This month’s column is not trying to collect a donation from you. I’m not even trying to convince you to have a deeper mission for your shop. And I’m not raising awareness for my favorite charity. On top of that, you’ll have to read to the end to see the connection to our industry. But this is, by a long shot, my most personal column ever.
A couple of months ago, I was surfing around the web looking for a nonprofit to support. Generosity is one of our shop’s core values and I wanted to see if there was something out there that would spark our shop’s engagement with this value. I was also curious just to see what was happening in our city, especially related to helping people who were financially disadvantaged, which is just a politically correct way of saying “the poor.”
What I found was a bit startling. According to the 2007 U.S. Census, Cincinnati—the city I have lived in all my life—has a poverty rate of 23.5 percent, which is almost double the statewide and national average of 12 percent. That means that if you lived in Cincinnati, it’s twice as likely you would live in poverty than if you lived an hour away in, say, Lexington, Ky., or Dayton, Ohio. It also means there’s a one in four chance you would be living below the poverty line if you lived within our city limits.
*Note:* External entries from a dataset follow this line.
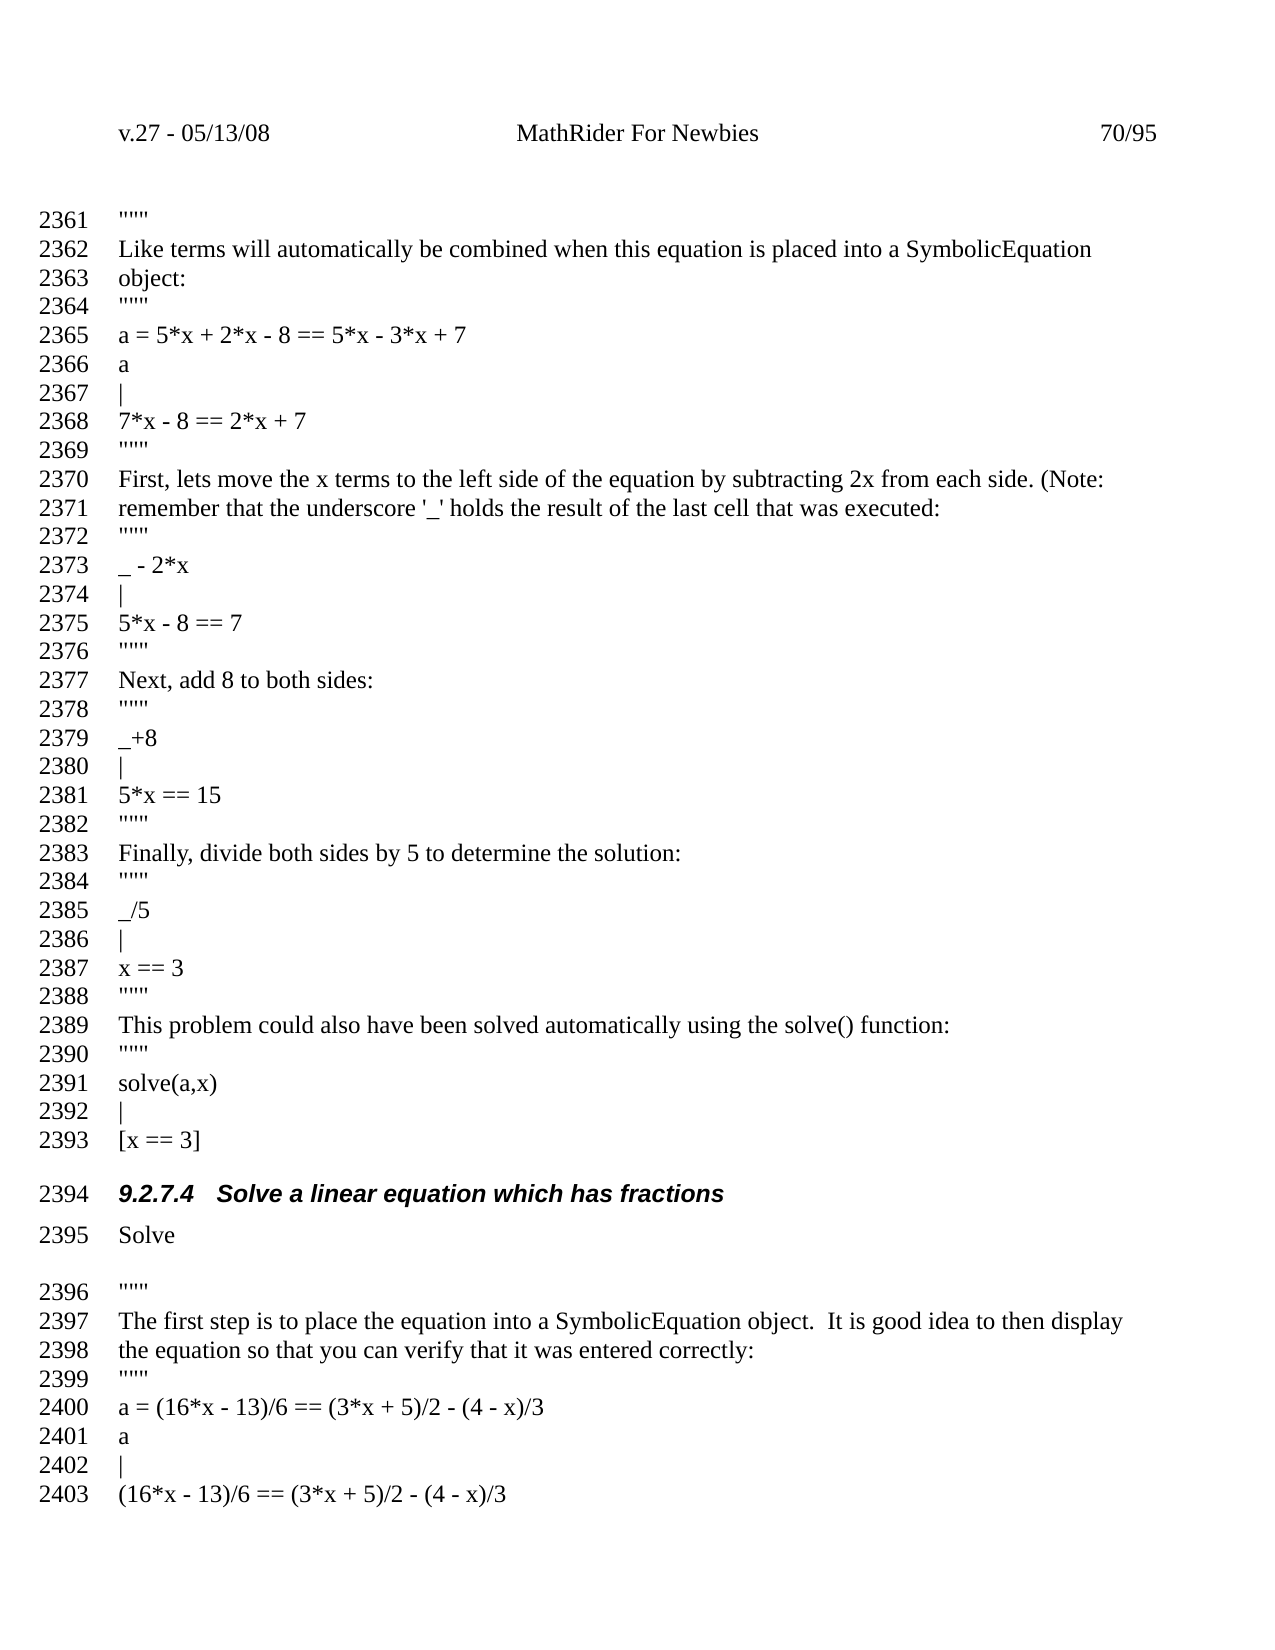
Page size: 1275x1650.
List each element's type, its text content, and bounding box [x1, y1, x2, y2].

text The first step is to place the equation into a SymbolicEquation object. It is good idea to then display the equation so that you can verify that it was entered correctly: [118, 1306, 1157, 1364]
text a = (16*x - 13)/6 == (3*x + 5)/2 - (4 - x)/3 [118, 1392, 1157, 1421]
text _/5 [118, 895, 1157, 924]
text """ [118, 1039, 1157, 1068]
text First, lets move the x terms to the left side of the equation by subtracting 2x from each side. (Note: remember that the underscore '_' holds the result of the last cell that was executed: [118, 464, 1157, 521]
text _ - 2*x [118, 550, 1157, 579]
text """ [118, 636, 1157, 665]
text | [118, 1450, 1157, 1479]
text 5*x - 8 == 7 [118, 608, 1157, 636]
text a [118, 349, 1157, 378]
text Next, add 8 to both sides: [118, 665, 1157, 694]
text a [118, 1421, 1157, 1450]
text (16*x - 13)/6 == (3*x + 5)/2 - (4 - x)/3 [118, 1479, 1157, 1507]
text """ [118, 866, 1157, 895]
text """ [118, 435, 1157, 464]
text """ [118, 205, 1157, 234]
text Finally, divide both sides by 5 to determine the solution: [118, 838, 1157, 866]
text This problem could also have been solved automatically using the solve() function: [118, 1010, 1157, 1039]
text [x == 3] [118, 1125, 1157, 1154]
text """ [118, 809, 1157, 838]
text | [118, 751, 1157, 780]
text a = 5*x + 2*x - 8 == 5*x - 3*x + 7 [118, 320, 1157, 349]
text """ [118, 694, 1157, 723]
text 5*x == 15 [118, 780, 1157, 809]
text """ [118, 1277, 1157, 1306]
text | [118, 924, 1157, 953]
text Like terms will automatically be combined when this equation is placed into a SymbolicEquation object: [118, 234, 1157, 291]
text """ [118, 1364, 1157, 1392]
text """ [118, 291, 1157, 320]
subtitle Solve a linear equation which has fractions [118, 1179, 1157, 1207]
text """ [118, 521, 1157, 550]
text | [118, 378, 1157, 406]
text x == 3 [118, 953, 1157, 981]
text Solve [118, 1220, 1157, 1249]
text solve(a,x) [118, 1068, 1157, 1096]
text | [118, 1096, 1157, 1125]
text _+8 [118, 723, 1157, 751]
text | [118, 579, 1157, 608]
text 7*x - 8 == 2*x + 7 [118, 406, 1157, 435]
text """ [118, 981, 1157, 1010]

The website described Cincinnati’s poverty challenge in a clear-cut visual form by putting a picture of our football stadium filled with people on the home page and a large caption that read “71,000 people in our city live in poverty. That’s more than the capacity of Paul Brown Stadium.” I’ve been in that stadium and it is enormous. To think that there are more people living in poverty within a 15-minute drive in any direction from my house than could fit in that building was a jarring visual.
There was another page in the sidebar of this organization’s site as well: “the 10 poorest neighborhoods.” I opened the page and started reading down the list. I knew about a few of the neighborhoods. They were the well-known places that most people tried to avoid for their own safety. As I continued to read, many of the places sounded vaguely familiar. Fay Apartments … North Fairmount … South Cumminsville …” Those three were all connected on the map forming a large, continuous band on the west side of Cincinnati. Right then it dawned on me: I was born in North Fairmount and lived there for the first five years of my life. I also remembered that my father lived in Fay Apartments and had actually met my mother in that neighborhood. I sat there stunned, realizing that I was born into a family rooted in one of the poorest neighborhoods of my city.
North Fairmount is also where my father taught himself how to repair and paint wrecked cars when I was only 2 years old. There was a small garage behind our home in North Fairmount that only held a couple cars at a time and a tree next to it that my father would chain cars to and do structural pulls with a “come along.” Teaching himself auto body repair from a book is what led our family out of poverty and into the four shops our family owns today. He started by fixing a handful of cars each month but now our shops combined routinely do hundreds of repairs per month.
This industry provided him and our whole family an opportunity in which to prosper.
Last week my shop promoted two young men who have apprenticed under more experienced technicians for
months—and in one of their cases, for several years. And as we promoted them into their new roles with all of the financial opportunity that creates for them and their families, I kept thinking of my dad. He didn’t need a hand out. What he needed was a hand up, an opportunity to better himself and provide for his family.
Providing jobs, training technicians and taking care of our teams are ways of paying forward what most of us have already received: opportunity.